P-Median problem

p_median.ipynb Open In Colab Kaggle Gradient Open In SageMaker Studio Lab Hits

Description: this notebook states the p-median problem with a simple example, and a MIP formulation in amplpy. The problem is parametrized with a class, so it is easier to sample and replicate experiments. A graphical solution is plotted.

Tags: amplpy, mip, facility-location, bin-packing, graphs, highs

Notebook author: Marcos Dominguez Velad <marcos@ampl.com>

Model author: N/A

# Install dependencies
%pip install -q amplpy matplotlib
# Google Colab & Kaggle integration
from amplpy import AMPL, ampl_notebook

ampl = ampl_notebook(
    modules=["open"],  # modules to install
    license_uuid="default",  # license to use
)  # instantiate AMPL object and register magics

P-Median Problem Formulation

The P-Median problem is a discrete optimization problem aimed at locating $p$ facilities among a set of potential sites (the facilities) in order to minimize the total cost of providing services to a set of demanding points (customers).

Parameters and sets

  • $C$: set of customers.

  • $F$: set of facilities.

  • $c_{ij}$: cost of suppling customer $i$ from facility $j$.

  • $p$: number of facilities to be opened.

Decision Variables:

  • $x_{ij}$: binary variable indicating whether customer $i$ is serve by facility $j$.

  • $y_i$: binary variable to indicate wheter facility $i$ is opened or not.

Objective Function:

$$\min \quad \sum_{i \in C, \ j \in F} c_{ij} \cdot x_{ij}$$

Constraints:

  • Each customer must be assigned to exactly one facility: $$\sum_{i \in C} x_{ij} = 1 \quad \forall j \in F$$

  • Ensure that facility $j$ is open if it serves customer $i$. $$x_{ij} \leq y_i \quad \forall i \in C, \ j \in F$$

  • The total number of open facilities must be equal to $p$: $$\sum_{i \in F} y_i = p$$

Solving process

We are solving this MIP problem by using a formulation written with ampl, and the MIP solver highs.

To generate random data, we have defined the PMedianInstance class, that receives the parameters of the instance, and generates random data.
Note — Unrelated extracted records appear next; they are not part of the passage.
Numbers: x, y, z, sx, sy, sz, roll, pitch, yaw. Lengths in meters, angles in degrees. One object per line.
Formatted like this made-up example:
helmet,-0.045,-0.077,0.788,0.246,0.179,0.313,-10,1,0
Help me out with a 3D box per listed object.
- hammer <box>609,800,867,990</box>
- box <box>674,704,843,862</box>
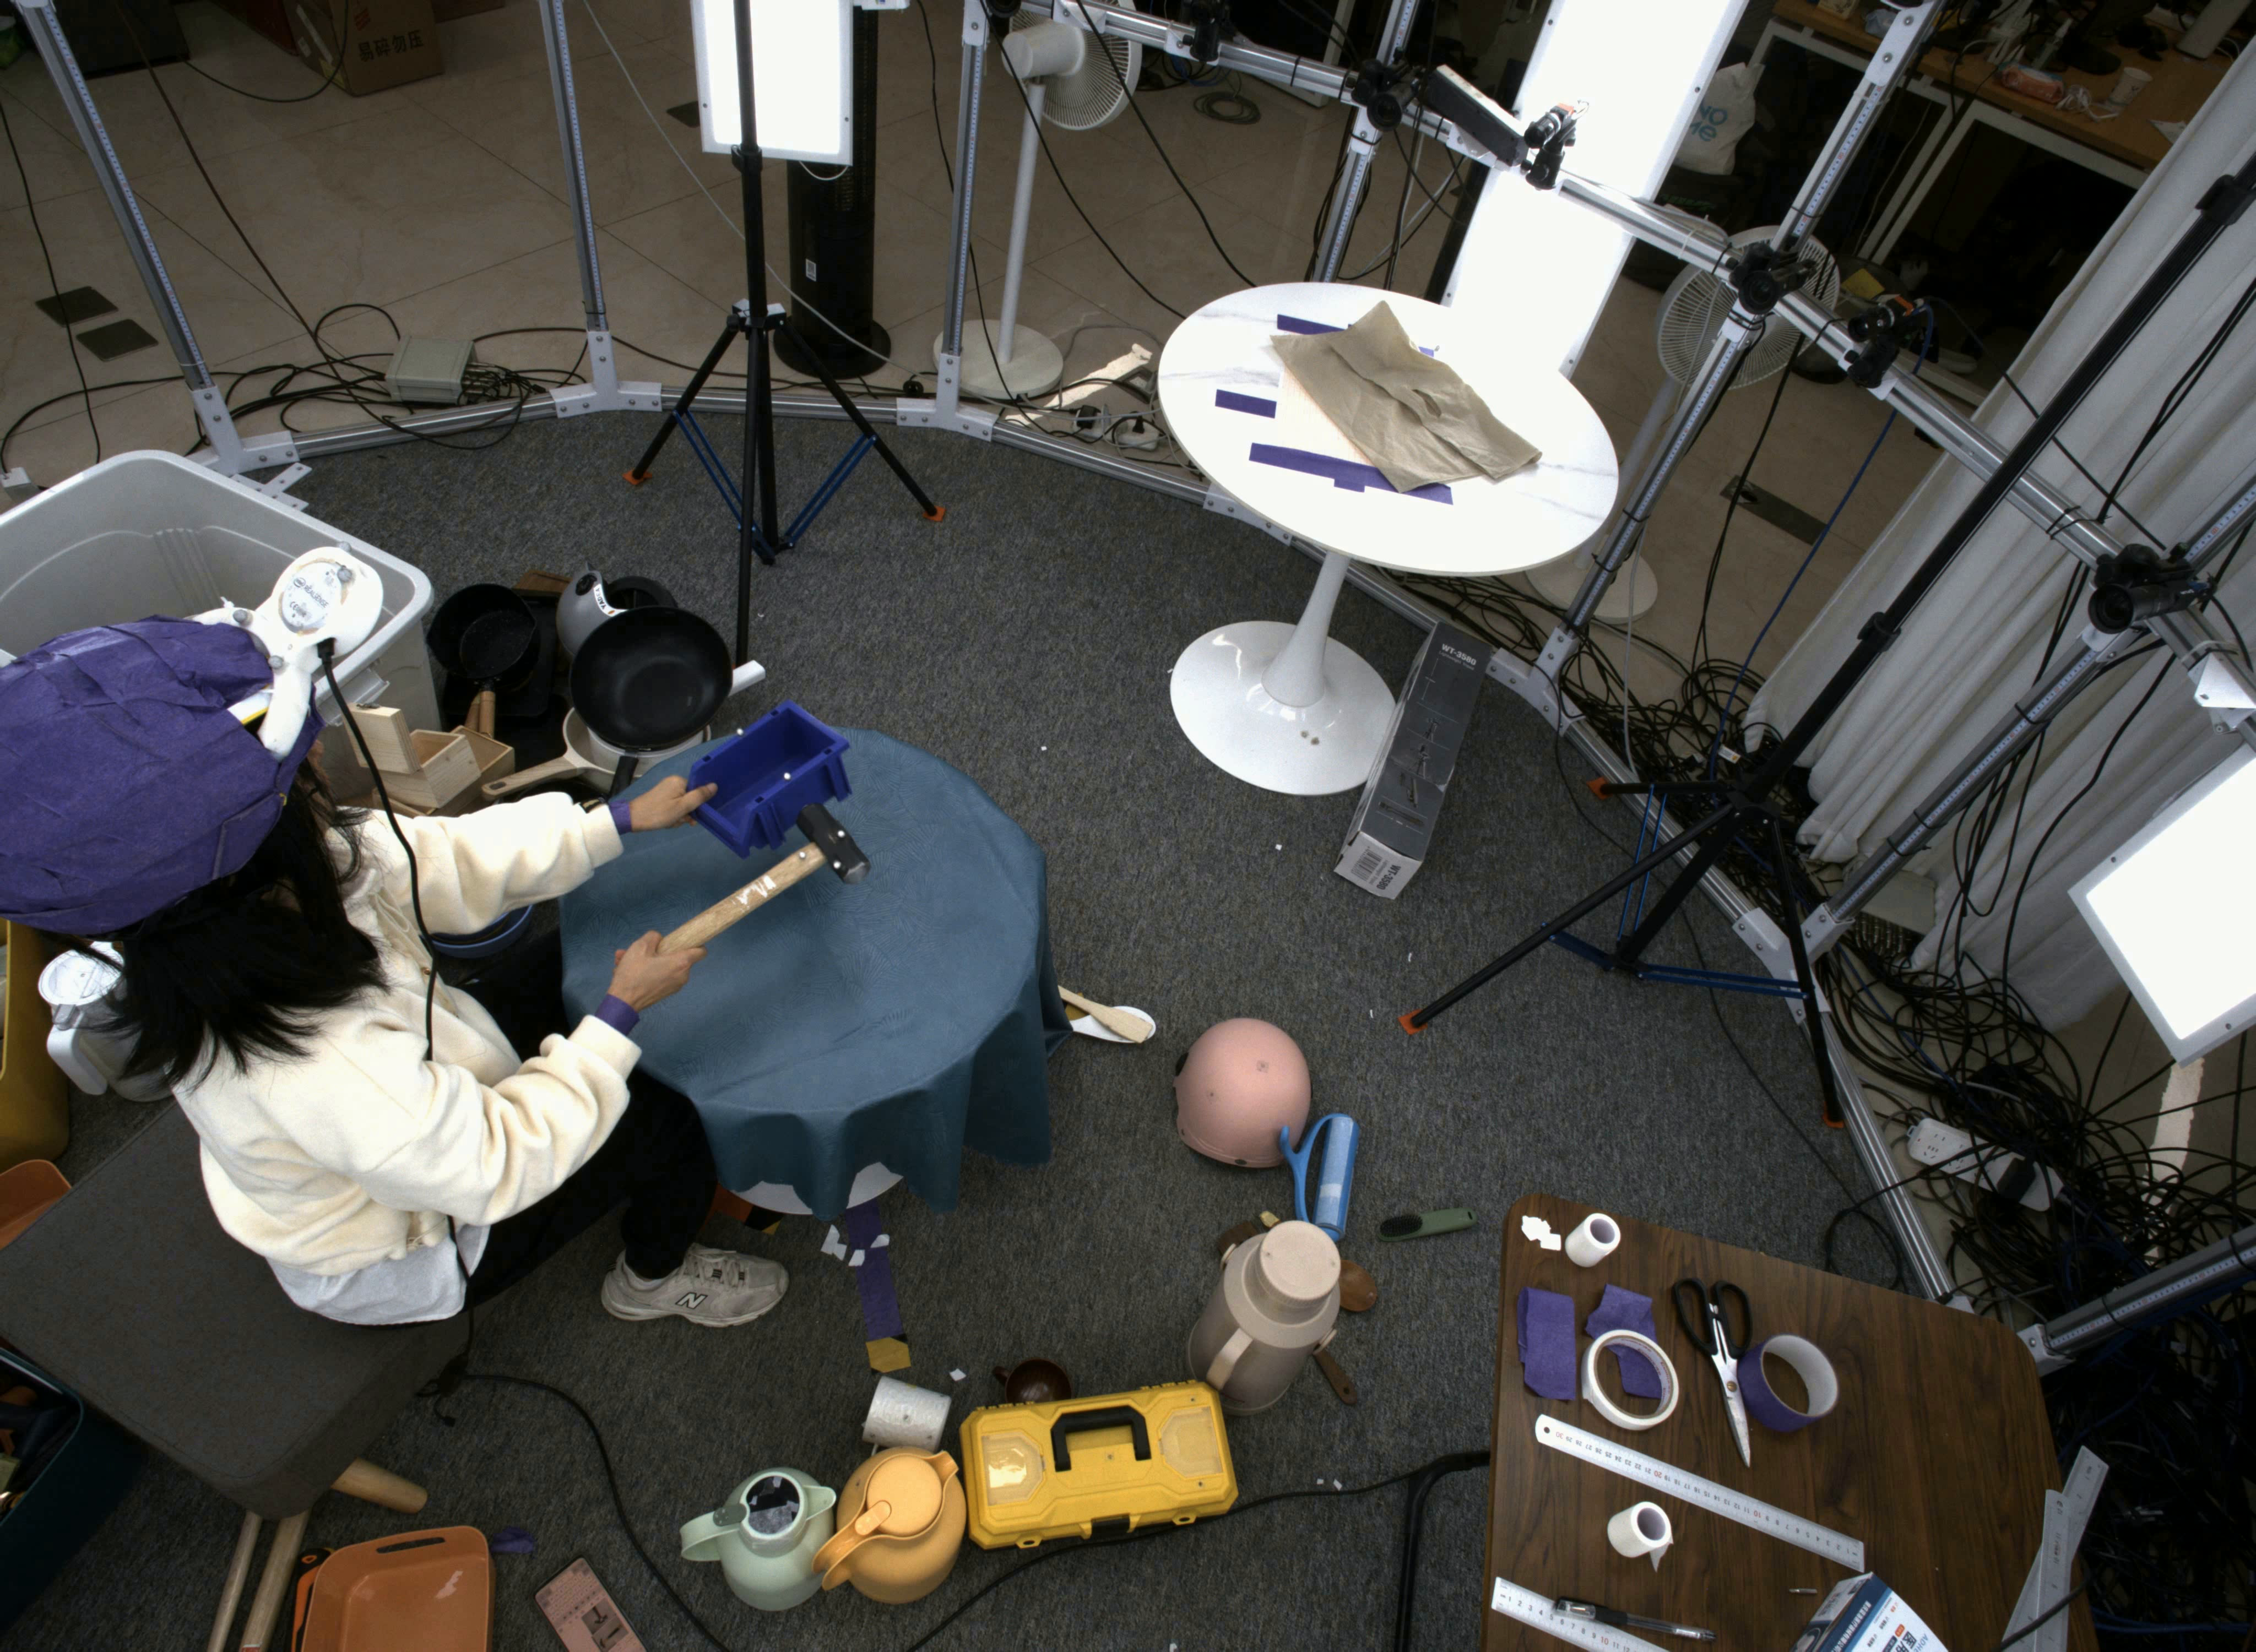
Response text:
hammer,-0.451,0.086,1.469,0.305,0.039,0.105,-35,70,-24
box,-0.446,-0.048,1.567,0.120,0.084,0.179,33,54,28

The data is assigned to the model and the solution is plotted using matplotlib.

%%writefile pmedian.mod
set CUSTOMERS;
set FACILITIES;

param cost {CUSTOMERS, FACILITIES};
param p;

var x {CUSTOMERS, FACILITIES} binary;
var y {FACILITIES} binary;

minimize total_cost: sum {i in CUSTOMERS, j in FACILITIES} cost[i,j] * x[i,j];

subject to assign_customers {i in CUSTOMERS}:
   sum{j in FACILITIES} x[i,j] = 1;

subject to open_facilities {i in CUSTOMERS, j in FACILITIES}:
   x[i,j] <= y[j];

subject to p_open_facilities:
   sum{j in FACILITIES} y[j] = p;
Overwriting pmedian.mod
import math
import random

# Class for the p-median problem
class PMedianInstance:
    def __init__(self, num_customers, num_facilities, p, MIN_X = 0, MAX_X = 100, MIN_Y = 0, MAX_Y = 100, seed = 0):
        self.num_customers = num_customers
        self.num_facilities = num_facilities
        self.p = p
        self.facilities = range(num_facilities)
        self.customers = range(num_facilities, num_facilities+num_customers)
        self.customer_coordinates = {}
        self.facility_coordinates = {}
        self.distances = {}
        self.costs = {}
        self.generate_instance(MIN_X, MAX_X, MIN_Y, MAX_Y, self.d2, seed)

    def generate_instance(self, MIN_X, MAX_X, MIN_Y, MAX_Y, distance, seed):
        random.seed(seed)
        # Generate coordinates for customers and facilities
        for i in self.customers:
            self.customer_coordinates[i] = (random.uniform(MIN_X, MAX_X), random.uniform(MIN_Y, MAX_Y))
        for i in self.facilities:
            self.facility_coordinates[i] = (random.uniform(MIN_X, MAX_X), random.uniform(MIN_Y, MAX_Y))

        # Calculate distances between each pair of customers and facilities
        for c_id, c_coord in self.customer_coordinates.items():
            for f_id, f_coord in self.facility_coordinates.items():
                self.distances[(c_id, f_id)] = distance(c_coord, f_coord)
                self.costs[(c_id, f_id)] = self.distances[(c_id, f_id)]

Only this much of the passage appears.